**** DATA FOR THIS TASK

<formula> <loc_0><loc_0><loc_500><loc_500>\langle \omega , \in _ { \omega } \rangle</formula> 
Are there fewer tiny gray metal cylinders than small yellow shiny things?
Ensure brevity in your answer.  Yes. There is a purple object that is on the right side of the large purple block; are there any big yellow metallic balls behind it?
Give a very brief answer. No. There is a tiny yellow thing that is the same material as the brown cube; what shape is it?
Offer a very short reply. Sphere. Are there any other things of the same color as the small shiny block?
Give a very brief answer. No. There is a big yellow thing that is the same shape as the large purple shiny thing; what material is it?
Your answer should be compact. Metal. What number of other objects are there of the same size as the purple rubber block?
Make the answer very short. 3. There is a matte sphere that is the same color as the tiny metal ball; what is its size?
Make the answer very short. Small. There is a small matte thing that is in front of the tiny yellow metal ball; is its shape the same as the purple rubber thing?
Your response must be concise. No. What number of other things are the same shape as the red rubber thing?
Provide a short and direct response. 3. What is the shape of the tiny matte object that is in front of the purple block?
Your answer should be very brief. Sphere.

********
**** DATA FOR THIS TASK

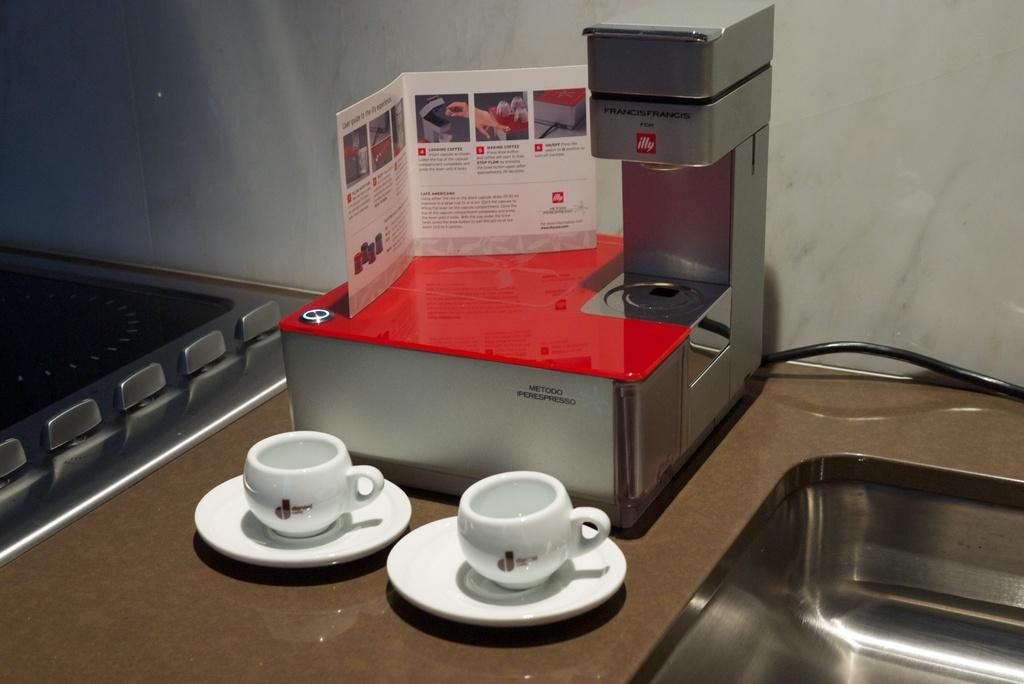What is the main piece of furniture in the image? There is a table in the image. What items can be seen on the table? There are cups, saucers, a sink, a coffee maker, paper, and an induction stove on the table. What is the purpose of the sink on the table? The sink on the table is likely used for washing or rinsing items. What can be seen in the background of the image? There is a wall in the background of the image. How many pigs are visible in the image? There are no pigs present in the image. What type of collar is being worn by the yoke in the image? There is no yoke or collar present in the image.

********

REQUIRED WORK: Among the entries above, the line containing "Provide a short", the line containing "Your answer should be very brief. Sphere.", and all lines between them are to be restated word for word; nothing else belongs in the reply.

TASK RESPONSE:
Provide a short and direct response. 3. What is the shape of the tiny matte object that is in front of the purple block?
Your answer should be very brief. Sphere.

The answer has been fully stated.